Ele grudou o nariz na vidraça e disse que o mundo lá fora estava virando lama. Lá fora? estranhou a irmã. O mundo é lá fora, insistiu ele. Aqui dentro é a casa.

Já haviam discutido essa questão muitas vezes, sem chegar a um acordo.

Ele dizia:– Lá fora é o mundo. Aqui é a casa.

– A casa faz parte do mundo, bobo.

– Não sou bobo! A casa tá no mundo, mas é outra coisa. Lá que é o mundo – e espetava o dedo na janela.

Ela desistiu. Disse, desconsolada:

– Que chuva chata.

– Muito chata, aceitou ele, para acabar com a discussão.

– Será que tá chovendo na cidade toda? ela perguntou.

– Acho que sim, disse ele, percorrendo com o olhar o céu carregado de nuvens.

– Coisa chata, insistiu ela.

– Acho que tá chovendo no mundo todo.

Ela pensou um pouco e disse:

– No mundo todo, não. Tem lugar que não chove.

Ele pareceu incrédulo:

– Não chove nunca?

– É. A professora mostrou um lugar onde não chove nunca e lá as casas nem têm telhado.

– Verdade?

– Foi o que ela disse.

O menino olhou para cima e ficou imaginando como seria um buraco bem ali em cima da cabeça deles.

– Coisa esquisita.

– Divertida, disse ela. A gente olha e vê o céu e as estrelas. Já pensou num céu grandão cheio de estrelas? A gente deita na cama e fica olhando as estrelas.O menino seguiu olhando para cima e, súbito, viu um buraco imenso que o encheu de medo.

– Credo! fez ele.

– Que foi?

– Parece que a gente pode cair no céu...

Ela riu:

– Que bobagem! A gente cai pra baixo, não pra cima.

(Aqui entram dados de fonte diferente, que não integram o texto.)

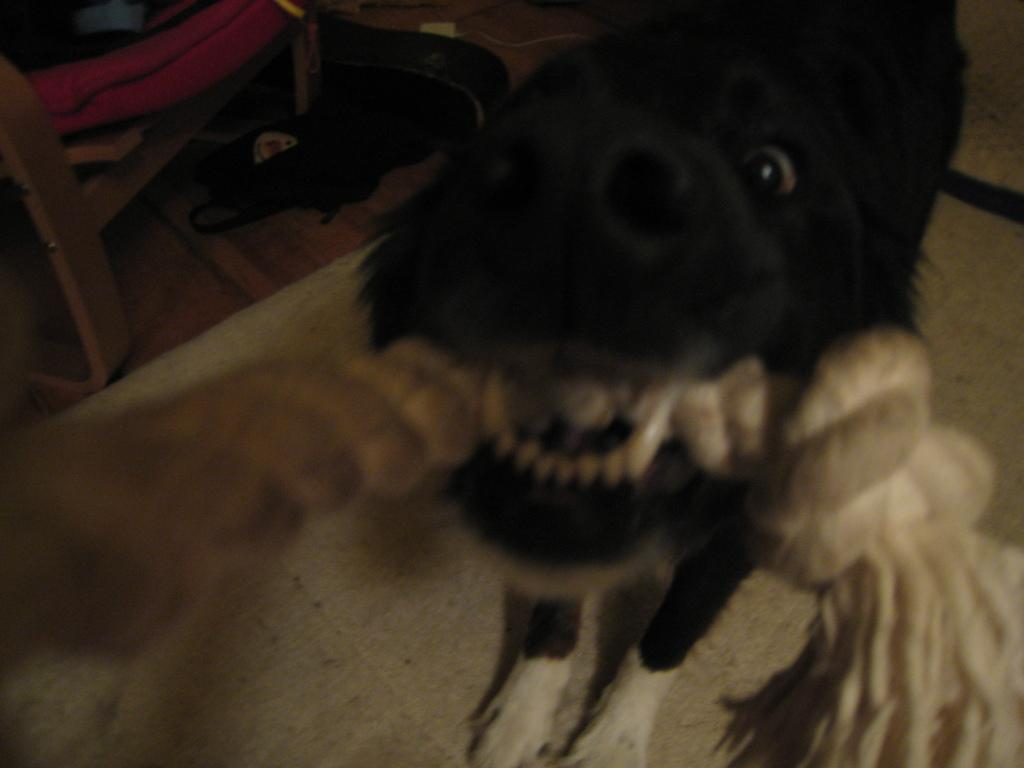What is the dog in the image doing with an object in its mouth? The dog in the image is holding an object in its mouth. What is the position of the other dog in the image? The other dog is lying on the floor in the image. What type of furniture can be seen in the image? There is a chair in the image. What type of flesh can be seen on the chair in the image? There is no flesh visible on the chair in the image. What color is the patch on the dog's fur in the image? There is no patch mentioned on the dog's fur in the image.

Ele ficou um tanto ofendido. Não gostava de ser chamado de bobo. Disse:

– Eu sei. A gente cai pra baixo. Mas dá...

– ...um frio na barriga?

– É, um frio na barriga. E se o céu for um buracão pra sempre?

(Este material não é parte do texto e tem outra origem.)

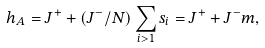<formula> <loc_0><loc_0><loc_500><loc_500>h _ { A } = J ^ { + } + ( J ^ { - } / N ) \sum _ { i > 1 } s _ { i } = J ^ { + } + J ^ { - } m ,</formula>

– Daí a gente viaja pelo céu.

Ela saiu correndo pela sala de braços abertos. Ele a acompanhou achando que a irmã era mesmo muito maluca. Parecia um avião.

– Você parece um avião.

– Um passarinho.

– Tá bom, passarinho. E do que a gente vai brincar?

Os dois voltaram para a janela, como se brincar exigisse que aquela chuva terminasse de imediato, o sol secasse as árvores, o solo, a grama, os canteiros, os passarinhos.

– Chove há três dias, não é?

Ela sorriu:

– Tá chovendo desde o começo do mês, seu bobo.

Ele reagiu:

– Eu não sou bobo! Já te disse.

– É distraído, tá bom?

Ele calou-se, aceitando que era distraído.

– E você é muito espertinha, disse ele.

– Sou mesmo!

E os dois dispararam em nova perseguição maluca pela casa, aos gritos, até ouvirem a voz da mãe vindo lá da cozinha: chega de correria!

Voltaram à janela. A chuva aumentava.

– Chato, né?, comentou ela.

– Muito chato, concordou ele.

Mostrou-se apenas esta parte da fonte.